From age ten on, I learned how to squeeze, jostle, and sneak my way into the spotlight. I had siblings who were instant stars to everyone because the cameras loved them — handsomer, more athletic, brighter, sweeter, funnier, sights for sore eyes, as comfy as an old pair of socks. At age ten, I developed a fear of obscurity and discovered ways of grabbing some of the kleig lights. The one that worked in a bigger way than any others was going for the gold in academics. I wasn’t the brightest bulb in the family, but worked harder than anyone (and cheated some) to make the grade. In adulthood, I quickly transferred going for the honor roll to going for promotions at work. Over the decades, I went from a regular employee with no title to earning titles like Supervisor, Manager, Director, Vice President, and Chief Learning Officer.
A major challenge of the senior years of life is how to let go of hanging on to a lifetime in the spotlight. It feels like stripping for an ex-exhibitionist who now has nothing but flab to show instead of toned muscles. It’s embarrassing, it’s humiliating, it’s downright depressing. So long as I think I am my title and my achievements. What’s a workaholic to do when he runs out of work, when no one recognizes his work? Why, he works harder, of course!
This will be my condition, as long as I’m frozen in the habits of a lifetime. I have a window of optimism in the words of David Richo, from his book “When Love Meets Fearm Becoming Defense-Less and Resource-Full” (Paulist Press, 1997) that goes as follows:
“In the spiritual view the void is also presided over by the Holy Spirit that brooded over the original waters of chaos to bring about the creation. The Holy Spirit is the female power counterpoised to the trickster — male energy. The female dove broods over the unhatched young in order to bring them to life. During this gap, the old is dying but the new has not yet been born and our limited consciousness does not even know if it will be born.”

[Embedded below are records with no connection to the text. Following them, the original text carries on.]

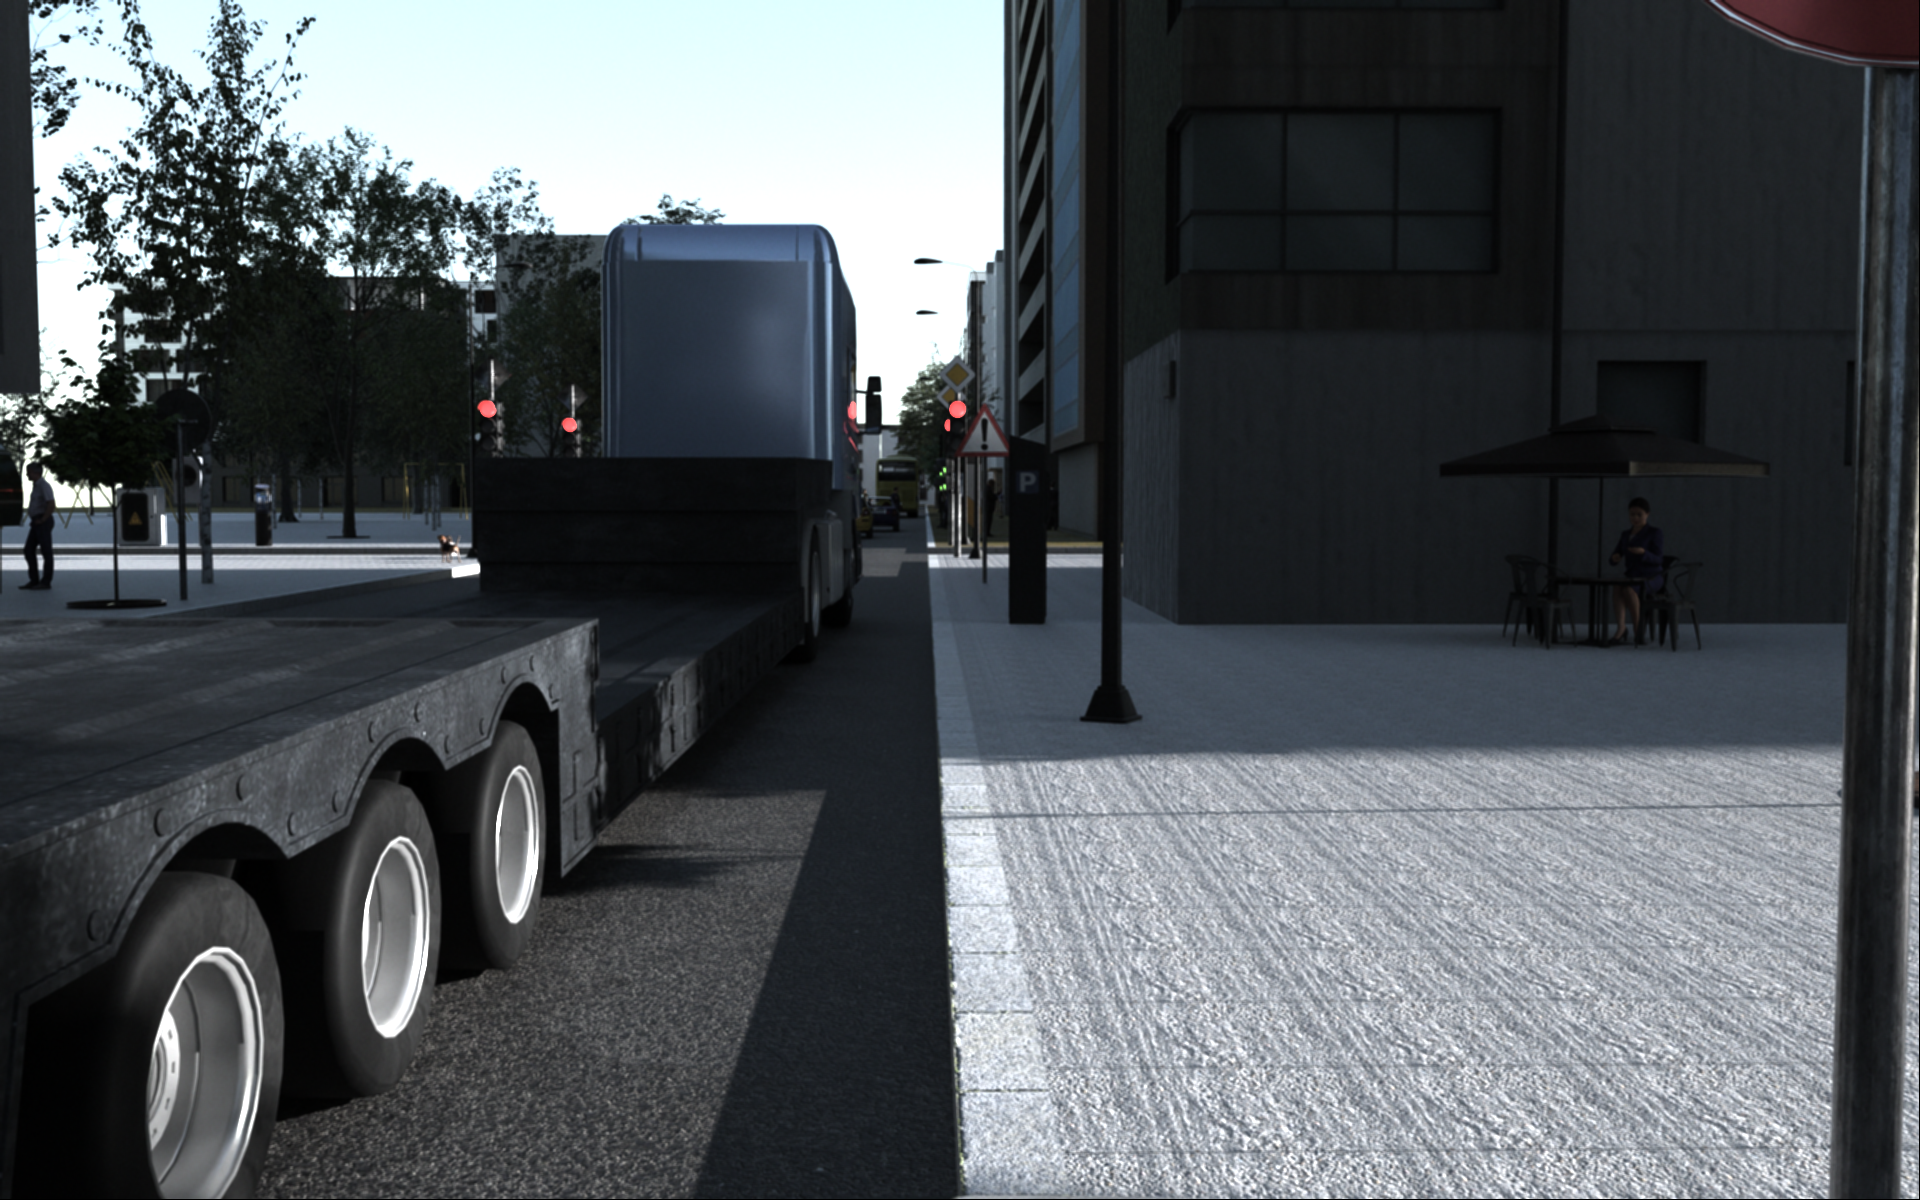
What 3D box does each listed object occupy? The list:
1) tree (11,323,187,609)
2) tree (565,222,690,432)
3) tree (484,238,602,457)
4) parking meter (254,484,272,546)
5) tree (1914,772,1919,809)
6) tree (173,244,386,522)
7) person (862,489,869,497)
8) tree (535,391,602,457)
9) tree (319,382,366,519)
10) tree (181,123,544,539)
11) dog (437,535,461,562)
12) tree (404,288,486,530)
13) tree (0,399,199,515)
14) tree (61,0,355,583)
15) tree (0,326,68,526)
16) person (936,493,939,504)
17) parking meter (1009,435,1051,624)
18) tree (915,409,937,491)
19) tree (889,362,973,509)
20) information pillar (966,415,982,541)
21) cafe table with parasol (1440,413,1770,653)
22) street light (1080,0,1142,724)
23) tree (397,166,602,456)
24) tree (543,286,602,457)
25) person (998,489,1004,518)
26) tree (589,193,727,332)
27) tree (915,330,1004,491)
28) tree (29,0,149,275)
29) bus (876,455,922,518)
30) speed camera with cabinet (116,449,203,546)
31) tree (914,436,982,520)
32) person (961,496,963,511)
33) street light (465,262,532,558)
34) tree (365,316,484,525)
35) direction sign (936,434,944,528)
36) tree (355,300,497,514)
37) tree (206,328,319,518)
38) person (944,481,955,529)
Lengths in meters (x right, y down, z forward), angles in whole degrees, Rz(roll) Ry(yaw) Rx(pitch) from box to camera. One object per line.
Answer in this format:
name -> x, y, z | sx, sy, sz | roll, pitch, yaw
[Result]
tree -> -9.686, -1.542, 19.808 | 1.663, 3.219, 1.824 | 0, 3, 0
tree -> -10.090, -7.623, 59.051 | 7.601, 10.594, 8.767 | 0, 4, 3
tree -> -10.768, -6.067, 49.551 | 4.737, 8.622, 4.395 | 0, 3, 0
parking meter -> -17.202, -2.101, 42.757 | 0.372, 1.533, 0.369 | 0, 3, 0
tree -> 4.283, -0.760, 7.030 | 1.663, 3.219, 1.824 | 0, 3, 0
tree -> -30.799, -9.894, 78.779 | 9.611, 12.733, 9.660 | 0, 3, 0
person -> -7.158, -7.439, 130.220 | 1.348, 1.812, 0.705 | 3, 4, 37
tree -> -24.347, -9.698, 108.924 | 4.360, 8.622, 3.978 | 0, 3, 0
tree -> -32.094, -8.385, 87.462 | 4.360, 8.622, 3.978 | 0, 3, 0
tree -> -17.916, -7.603, 50.066 | 9.928, 11.665, 9.643 | 0, 3, 0
dog -> -9.615, -0.964, 32.589 | 0.540, 0.507, 0.406 | 0, 4, 1
tree -> -18.802, -6.757, 60.832 | 4.737, 8.622, 4.395 | 0, 3, 0
tree -> -54.612, -8.501, 101.889 | 20.602, 7.101, 11.467 | -1, 4, -9
tree -> -10.906, -4.562, 24.946 | 4.737, 8.622, 4.395 | 0, 3, 0
tree -> -37.429, -7.218, 68.383 | 4.360, 8.622, 3.978 | 0, 3, 0
person -> -1.561, -7.423, 128.124 | 0.721, 1.735, 1.217 | 1, 4, 20
parking meter -> 0.691, -0.699, 17.139 | 0.399, 1.863, 0.255 | 0, 4, 7
tree -> -1.369, -11.627, 140.470 | 4.737, 8.622, 4.395 | 0, 3, 0
tree -> -2.403, -14.152, 149.515 | 7.486, 12.596, 7.792 | 0, 3, 0
information pillar -> 0.365, -3.451, 47.777 | 0.504, 3.616, 0.183 | 0, 4, 0
cafe table with parasol -> 5.454, -0.604, 14.749 | 2.610, 1.966, 2.610 | 1, 4, 23
street light -> 0.318, -2.270, 9.660 | 1.470, 5.913, 1.316 | 0, 4, -1
tree -> -25.258, -14.825, 98.274 | 12.611, 20.169, 13.585 | 0, 3, 0
tree -> -20.331, -9.802, 86.017 | 9.928, 11.665, 9.643 | 0, 3, 0
person -> 2.178, -5.149, 92.293 | 0.319, 1.574, 0.516 | 0, 4, -1
tree -> -11.097, -10.187, 73.211 | 9.857, 13.997, 8.962 | 0, 3, 0
tree -> -0.181, -7.843, 78.596 | 4.360, 8.622, 3.978 | 0, 3, 0
tree -> -31.197, -11.983, 51.814 | 12.611, 20.169, 13.585 | 0, 3, 0
bus -> -3.823, -7.152, 108.483 | 2.896, 3.916, 12.252 | 0, 4, -1
speed camera with cabinet -> -19.675, -2.958, 42.707 | 2.038, 3.252, 0.660 | 0, 4, -4
tree -> -0.577, -6.254, 85.964 | 4.285, 4.588, 4.351 | 0, 3, 0
person -> 0.319, -7.215, 127.238 | 0.697, 1.427, 0.421 | 0, 4, 7
street light -> -9.268, -3.810, 34.840 | 1.470, 5.913, 1.316 | 0, 4, -1
tree -> -22.281, -7.493, 72.877 | 4.360, 8.622, 3.978 | 0, 3, 0
direction sign -> -0.718, -4.519, 65.879 | 0.379, 3.537, 0.876 | 0, 4, 4
tree -> -35.252, -12.585, 112.424 | 9.857, 13.997, 8.962 | 0, 3, 0
tree -> -28.396, -7.329, 70.192 | 4.360, 8.622, 3.978 | 0, 3, 0
person -> -0.321, -3.501, 63.735 | 0.683, 1.767, 0.568 | 3, 5, 39

My entire life was about working hard to prove my worth. “Lazy” is one word that never ever felt insulting to me because I don’t even know what it means. I am also beyond feeling proud I am not lazy because I don’t know any other way to be than to work.
The problem has never been whether to continue working or not, but whether to work for the spotlight of recognition and appreciation or be able to do without the perks of feedback and acknowledgement. It took a while for me to adjust to a life without titles, but continuing to work where no one says anything good or bad feels like the equivalent of being in total isolation.

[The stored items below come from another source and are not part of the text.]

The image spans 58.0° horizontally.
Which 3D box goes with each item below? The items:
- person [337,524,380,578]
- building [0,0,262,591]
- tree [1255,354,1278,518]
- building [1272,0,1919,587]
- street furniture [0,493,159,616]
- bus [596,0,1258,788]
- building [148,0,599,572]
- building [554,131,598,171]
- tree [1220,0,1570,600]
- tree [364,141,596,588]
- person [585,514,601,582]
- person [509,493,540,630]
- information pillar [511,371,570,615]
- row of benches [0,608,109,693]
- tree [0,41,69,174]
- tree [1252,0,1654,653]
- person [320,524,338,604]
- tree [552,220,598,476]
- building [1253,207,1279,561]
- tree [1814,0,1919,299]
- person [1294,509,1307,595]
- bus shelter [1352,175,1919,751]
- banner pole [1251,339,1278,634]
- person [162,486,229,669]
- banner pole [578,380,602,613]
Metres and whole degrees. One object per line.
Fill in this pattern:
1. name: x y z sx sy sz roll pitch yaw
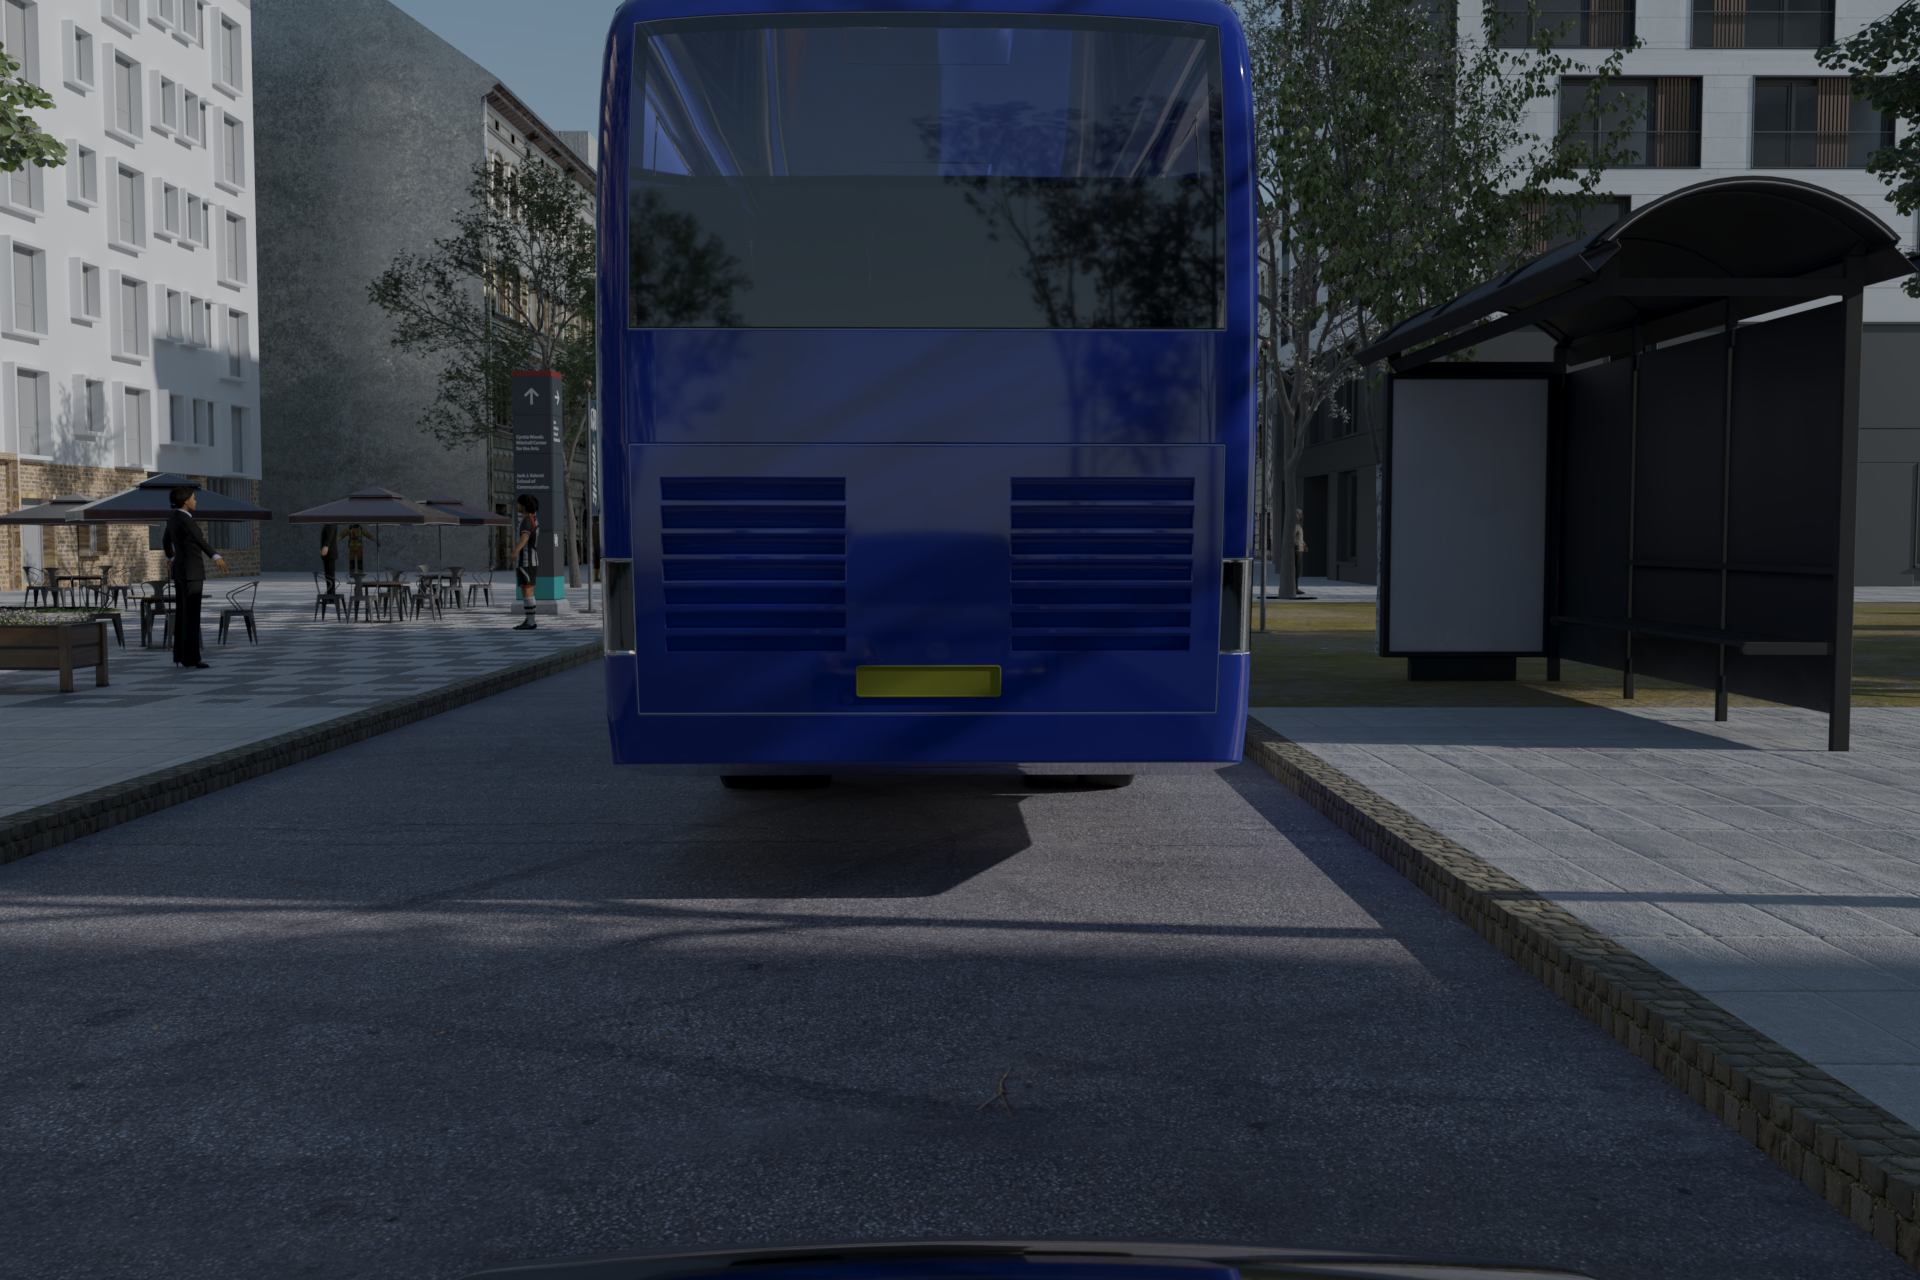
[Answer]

My choice is to rattle people’s cages and demand a yay or nay or else, or to make my ascent to obscurity, where what matters is what is beyond and outside of publicity. All my life, I wanted my work to be a form of service, not realizing that at least half of that service was to the dysfunctional, controlling, fear-driven ego. The other half was inbred, authentic, and comes from a pure place, a natural God-given drive to find my relatedness to others.

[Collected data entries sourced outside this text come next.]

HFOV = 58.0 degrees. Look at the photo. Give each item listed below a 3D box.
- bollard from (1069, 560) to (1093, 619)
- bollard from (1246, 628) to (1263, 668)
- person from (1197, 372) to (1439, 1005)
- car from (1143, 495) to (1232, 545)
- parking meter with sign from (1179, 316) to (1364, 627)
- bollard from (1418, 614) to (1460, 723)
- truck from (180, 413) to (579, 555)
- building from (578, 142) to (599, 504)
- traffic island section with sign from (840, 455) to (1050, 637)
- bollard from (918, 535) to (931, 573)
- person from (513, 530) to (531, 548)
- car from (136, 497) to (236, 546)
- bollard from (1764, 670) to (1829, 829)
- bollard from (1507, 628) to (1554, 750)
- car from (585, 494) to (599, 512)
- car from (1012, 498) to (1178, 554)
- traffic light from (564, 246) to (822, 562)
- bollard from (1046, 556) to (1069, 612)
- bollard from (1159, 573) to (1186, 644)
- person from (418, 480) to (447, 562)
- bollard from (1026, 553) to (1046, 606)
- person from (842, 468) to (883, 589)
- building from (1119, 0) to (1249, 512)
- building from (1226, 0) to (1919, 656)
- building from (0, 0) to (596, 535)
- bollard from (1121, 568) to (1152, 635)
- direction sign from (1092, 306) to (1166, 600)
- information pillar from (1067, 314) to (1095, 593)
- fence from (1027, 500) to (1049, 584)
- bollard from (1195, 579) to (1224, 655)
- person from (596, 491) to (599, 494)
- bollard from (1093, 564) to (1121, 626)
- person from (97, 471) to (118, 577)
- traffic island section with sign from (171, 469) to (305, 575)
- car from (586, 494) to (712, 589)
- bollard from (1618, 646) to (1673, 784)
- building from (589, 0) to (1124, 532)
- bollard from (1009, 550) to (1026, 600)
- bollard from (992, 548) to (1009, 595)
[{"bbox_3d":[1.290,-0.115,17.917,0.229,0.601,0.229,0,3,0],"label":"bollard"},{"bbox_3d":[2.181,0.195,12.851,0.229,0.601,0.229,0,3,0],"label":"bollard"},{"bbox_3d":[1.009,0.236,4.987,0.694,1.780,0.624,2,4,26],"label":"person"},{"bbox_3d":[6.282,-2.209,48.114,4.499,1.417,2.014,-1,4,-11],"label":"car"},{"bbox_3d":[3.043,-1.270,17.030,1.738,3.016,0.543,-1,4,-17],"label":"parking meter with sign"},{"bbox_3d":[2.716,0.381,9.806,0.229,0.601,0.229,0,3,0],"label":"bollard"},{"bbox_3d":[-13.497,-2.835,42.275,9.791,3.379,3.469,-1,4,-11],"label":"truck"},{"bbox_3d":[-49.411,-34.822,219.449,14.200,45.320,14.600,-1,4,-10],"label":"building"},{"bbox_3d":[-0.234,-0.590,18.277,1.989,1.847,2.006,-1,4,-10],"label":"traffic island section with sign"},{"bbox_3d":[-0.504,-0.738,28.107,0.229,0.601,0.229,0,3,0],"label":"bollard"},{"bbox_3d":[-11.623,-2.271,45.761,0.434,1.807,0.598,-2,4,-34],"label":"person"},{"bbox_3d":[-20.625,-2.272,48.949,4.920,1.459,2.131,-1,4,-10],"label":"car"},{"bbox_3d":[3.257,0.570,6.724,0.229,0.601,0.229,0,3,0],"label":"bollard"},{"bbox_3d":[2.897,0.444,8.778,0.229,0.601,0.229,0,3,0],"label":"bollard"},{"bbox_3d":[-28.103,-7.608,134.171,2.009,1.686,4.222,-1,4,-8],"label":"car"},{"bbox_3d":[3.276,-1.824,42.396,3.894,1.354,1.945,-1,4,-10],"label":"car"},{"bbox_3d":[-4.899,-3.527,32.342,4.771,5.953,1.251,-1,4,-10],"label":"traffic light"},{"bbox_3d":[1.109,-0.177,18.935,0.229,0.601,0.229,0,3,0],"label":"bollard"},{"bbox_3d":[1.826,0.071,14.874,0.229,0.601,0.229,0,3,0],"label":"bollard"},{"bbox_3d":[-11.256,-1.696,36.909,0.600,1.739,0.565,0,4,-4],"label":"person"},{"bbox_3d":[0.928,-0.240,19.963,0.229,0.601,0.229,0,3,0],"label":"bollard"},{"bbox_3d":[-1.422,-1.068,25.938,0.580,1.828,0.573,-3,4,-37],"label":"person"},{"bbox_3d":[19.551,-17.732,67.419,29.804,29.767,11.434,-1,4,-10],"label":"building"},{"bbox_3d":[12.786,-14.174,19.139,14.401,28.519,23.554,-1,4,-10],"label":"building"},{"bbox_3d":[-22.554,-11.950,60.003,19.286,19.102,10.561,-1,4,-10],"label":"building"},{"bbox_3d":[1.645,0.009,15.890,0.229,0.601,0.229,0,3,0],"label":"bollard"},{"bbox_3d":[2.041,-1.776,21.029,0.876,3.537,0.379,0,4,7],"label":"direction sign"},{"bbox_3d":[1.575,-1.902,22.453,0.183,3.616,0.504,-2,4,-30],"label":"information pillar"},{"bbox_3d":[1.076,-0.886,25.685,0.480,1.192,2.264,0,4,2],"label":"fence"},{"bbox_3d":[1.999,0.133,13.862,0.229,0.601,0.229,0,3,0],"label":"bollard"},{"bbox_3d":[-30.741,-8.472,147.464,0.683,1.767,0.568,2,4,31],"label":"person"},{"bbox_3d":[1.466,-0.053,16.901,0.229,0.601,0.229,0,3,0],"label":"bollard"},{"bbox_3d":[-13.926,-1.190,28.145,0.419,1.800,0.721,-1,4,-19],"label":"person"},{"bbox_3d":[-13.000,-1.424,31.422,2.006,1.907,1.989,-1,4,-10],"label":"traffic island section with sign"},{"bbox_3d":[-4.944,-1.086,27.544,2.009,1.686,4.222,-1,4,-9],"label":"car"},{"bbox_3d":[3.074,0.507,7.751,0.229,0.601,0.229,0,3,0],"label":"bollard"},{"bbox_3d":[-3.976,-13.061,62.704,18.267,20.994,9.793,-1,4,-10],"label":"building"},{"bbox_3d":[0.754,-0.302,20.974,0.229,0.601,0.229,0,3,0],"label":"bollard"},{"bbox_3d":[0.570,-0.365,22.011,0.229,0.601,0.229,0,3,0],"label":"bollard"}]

Now, I am entertaining this question:
What if there has been a Divine Plan all along that saw me through bouncing around like a pingpong ball from achievement to recognition? What if all that thrashing about that fed my ego served a grander plan beyond my ego? What if the absence of spotlight and feedback remains part of a grander plan? What if my ego noise has also been accommodated by that plan, one that would follow its own course, whether or not I behave like a pig squealing its way to obscurity and enlightenment?